6. The method of claim 5 further comprising:

generating a molecular fingerprint of the chemical compound based on the latent vector representation; and

training the machine learning model based on at least one of the molecular fingerprint, the latent vector representation, and a loss function.

7. The method of claim 6, wherein the molecular fingerprint is a Morgan Fingerprint of the chemical compound.

8. The method of claim 6 further comprising:

determining one or more statistical properties of the latent vector representation; and

training the machining learning model based on the one or more statistical properties.

9. The method of claim 1 further comprising encoding the graph based on one or more node aggregation functions of the GCN.

10. The method of claim 1 further comprising, wherein the latent vector representation of the chemical compound is an order independent representation.

11. A system for defining a machine learning model configured to predict one or more properties associated with a chemical compound, the system comprising:

one or more processors and one or more nontransitory computer-readable mediums storing instructions that are executable by the one or more processors, wherein the instructions comprise: generating a graph of the chemical compound based on at least one of an order-dependent representation of the chemical compound and a molecular graph representation of the chemical compound; encoding the graph based on an adjacency matrix of a graph convolutional neural network (GCN), one or more characteristics of the graph, one or more activation functions of the GCN, and one or more weights of the GCN to generate a latent vector representation of the chemical compound; decoding the latent vector representation based on a plurality of hidden states of a recurrent neural network (RNN) to generate a reproduced order-dependent representation of the chemical compound; and training the machine learning model based on the reproduced order-dependent representation, wherein the machine learning model includes the GCN and the RNN, and wherein the machine learning model is configured to predict one or more properties of the chemical compound.

12. The system of claim 11, wherein the instructions further comprise encoding the graph based on one or more node aggregation functions of the GCN.

13. The system of claim 11, wherein the latent vector representation of the chemical compound is an order independent representation.
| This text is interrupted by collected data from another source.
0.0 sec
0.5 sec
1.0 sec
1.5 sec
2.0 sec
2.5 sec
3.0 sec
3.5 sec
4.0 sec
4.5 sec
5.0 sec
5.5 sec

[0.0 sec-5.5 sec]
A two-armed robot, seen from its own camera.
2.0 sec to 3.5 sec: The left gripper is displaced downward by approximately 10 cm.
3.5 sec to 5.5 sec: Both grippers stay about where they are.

14. The system of claim 11, wherein the reproduced order-dependent representation is a simplified molecular-input line-entry system (SMILES) string associated with the chemical compound.

15. The system of claim 11, wherein the instructions further comprise:

identifying one or more fragments and one or more substructures of at least one of the order-dependent representation and the molecular graph representation;

generating one or more nodes based on the one or more substructures; and

generating one or more edges based on the one or more fragments, wherein the graph is further based on the one or more nodes and the one or more edges.
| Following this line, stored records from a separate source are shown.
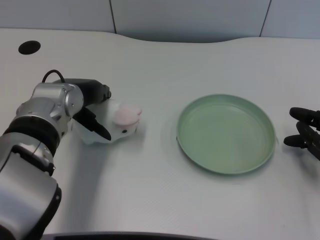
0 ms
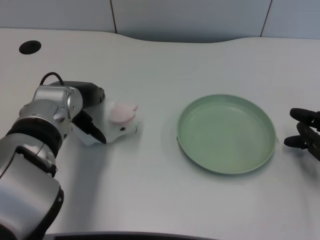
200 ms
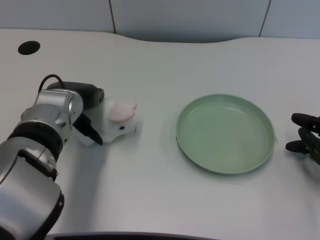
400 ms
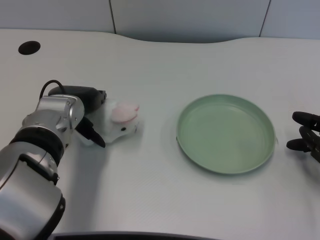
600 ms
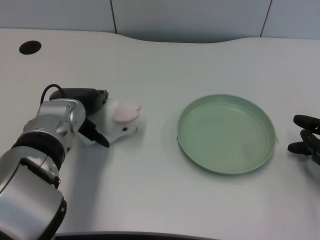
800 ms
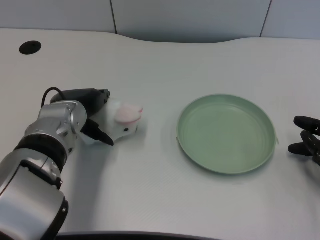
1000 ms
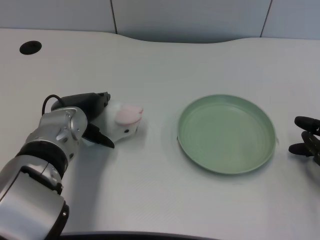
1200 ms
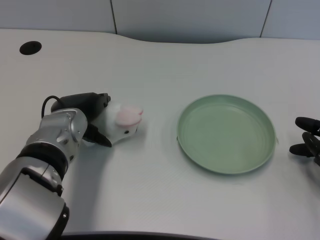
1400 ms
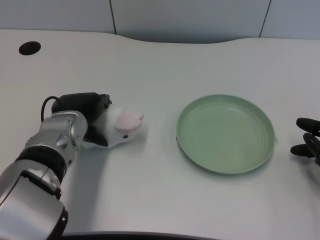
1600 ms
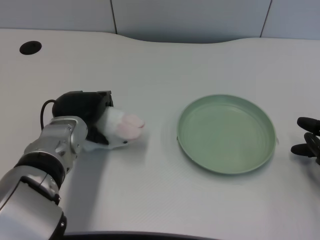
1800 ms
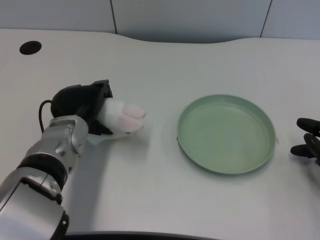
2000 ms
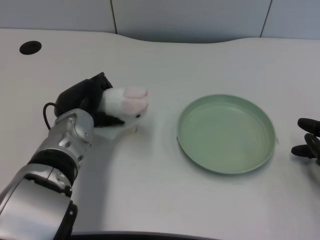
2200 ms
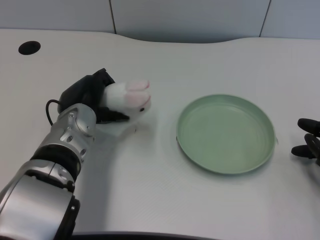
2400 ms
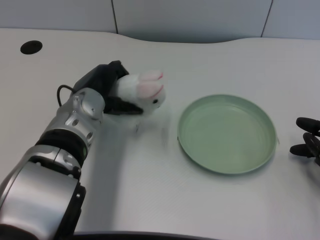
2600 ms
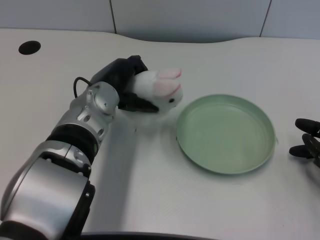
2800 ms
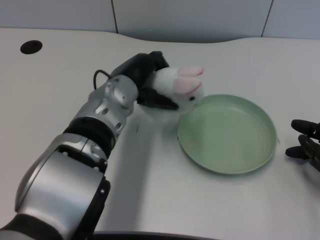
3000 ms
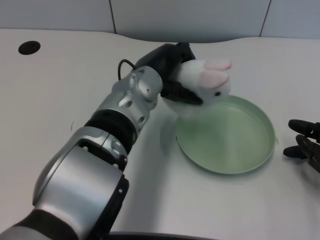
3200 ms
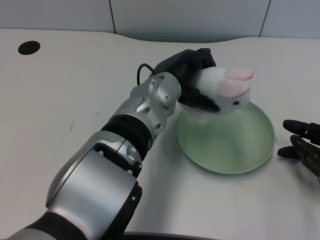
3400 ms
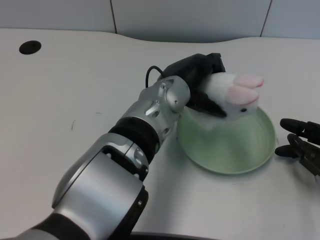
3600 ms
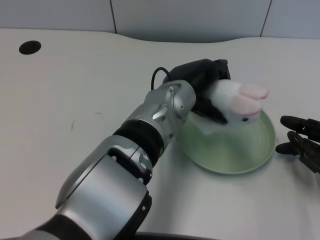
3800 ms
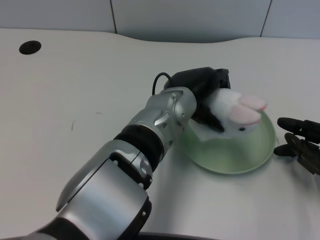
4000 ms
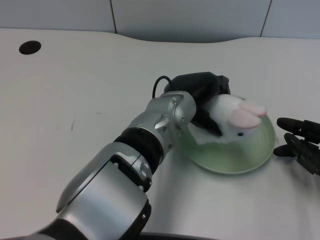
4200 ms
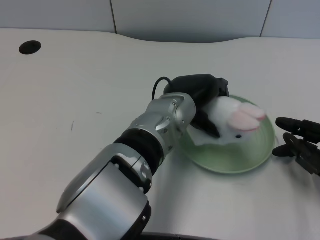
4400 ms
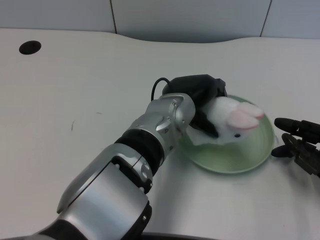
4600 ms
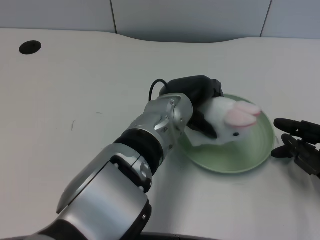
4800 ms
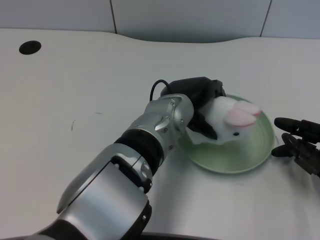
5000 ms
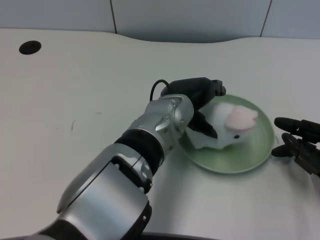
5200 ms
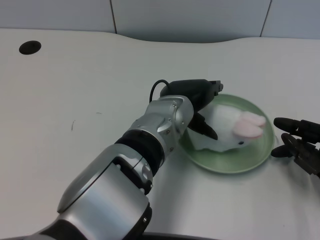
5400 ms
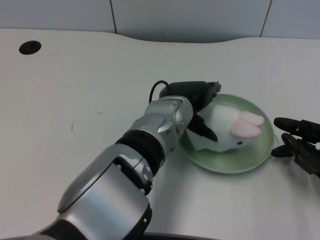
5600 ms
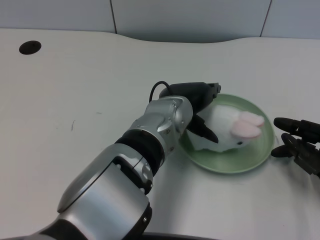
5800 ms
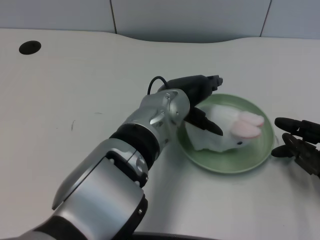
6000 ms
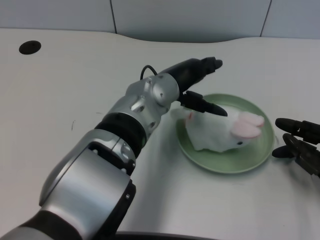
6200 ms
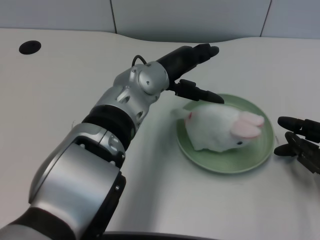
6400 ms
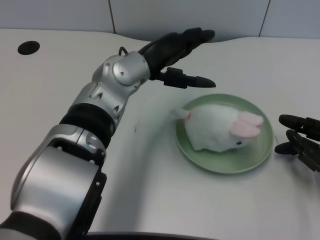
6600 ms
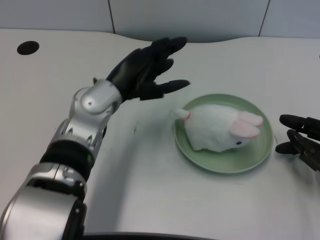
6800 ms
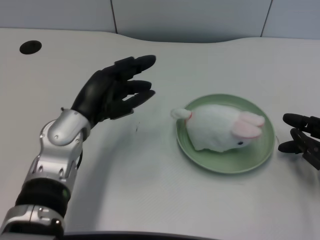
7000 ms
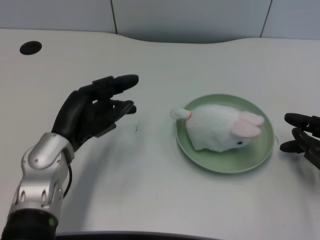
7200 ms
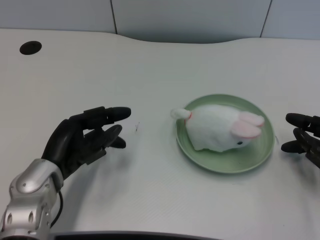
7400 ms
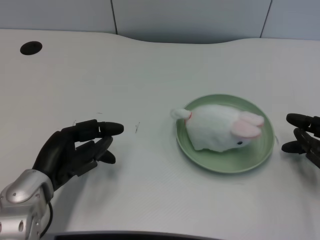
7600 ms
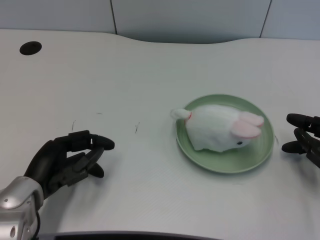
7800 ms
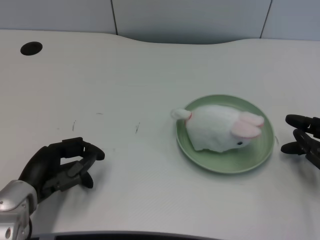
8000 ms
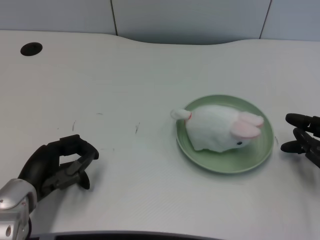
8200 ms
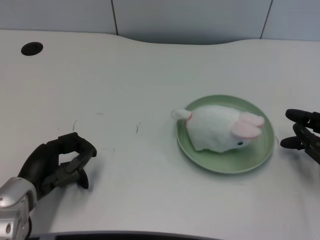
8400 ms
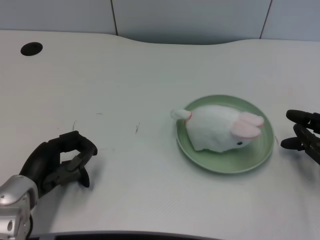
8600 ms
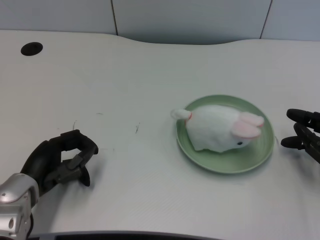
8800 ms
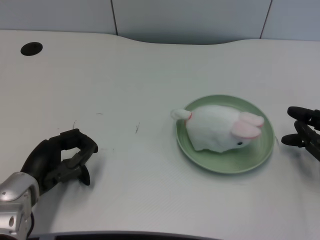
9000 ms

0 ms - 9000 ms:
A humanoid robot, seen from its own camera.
Task of the whole recording: pick up the rabbit doll from the table and place it on the plate.
Step, 0 ms - 2000 ms: Grasp the rabbit doll with the left gripper.
Step, 2200 ms - 5600 ms: Place the rabbit doll into the plate with the left gripper.
0 ms - 1600 ms: The left hand ends up about 5 cm from where it was.
1600 ms - 3000 ms: The left hand is displaced to the right by roughly 10 cm.
3000 ms - 4400 ms: The left hand heads to the right, covering approximately 10 cm.
4400 ms - 6000 ms: There are only small adjustments of the hands.
6000 ms - 7600 ms: The left hand shifts roughly 20 cm to the left and downward.
7600 ms - 9000 ms: There are only small adjustments of the hands.

16. The system of claim 11, wherein the RNN includes at least one of a gated recurrent unit, a long short-term memory (LSTM) unit, an ungated recurrent unit, and an attention mechanism.
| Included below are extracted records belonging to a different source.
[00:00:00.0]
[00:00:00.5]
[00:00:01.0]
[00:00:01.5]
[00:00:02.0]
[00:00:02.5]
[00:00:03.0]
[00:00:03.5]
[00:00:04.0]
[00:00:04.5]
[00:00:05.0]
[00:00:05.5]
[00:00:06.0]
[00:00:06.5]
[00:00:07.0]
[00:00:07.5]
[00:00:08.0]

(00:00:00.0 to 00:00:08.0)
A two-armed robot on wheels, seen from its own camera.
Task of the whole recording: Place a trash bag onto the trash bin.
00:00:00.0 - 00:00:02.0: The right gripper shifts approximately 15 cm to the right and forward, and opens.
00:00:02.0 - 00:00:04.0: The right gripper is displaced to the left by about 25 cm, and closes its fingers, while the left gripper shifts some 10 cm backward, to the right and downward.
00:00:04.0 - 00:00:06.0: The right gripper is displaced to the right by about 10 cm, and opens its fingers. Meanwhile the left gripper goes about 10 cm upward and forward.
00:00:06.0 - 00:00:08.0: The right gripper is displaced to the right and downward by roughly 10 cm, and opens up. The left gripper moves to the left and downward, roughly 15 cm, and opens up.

17. The system of claim 11, wherein the instructions further comprise:

generating a molecular fingerprint of the chemical compound based on the latent vector representation; and

training the machine learning model based on at least one of the molecular fingerprint, the latent vector representation, the reproduced order-dependent representation, and a loss function.

18. A method comprising:

generating a latent vector based on a molecular graph representation of a chemical compound; and

decoding the latent vector representation based on a plurality of hidden states of a neural network to generate a token-based representation of the chemical compound.

19. The method of claim 18, wherein the token-based representation is a simplified molecular-input line-entry system (SMILES) string associated with the chemical compound.

20. The method of claim 18 further comprising encoding the latent vector with latent vector conditioning based on an encoding routine and an embedding routine.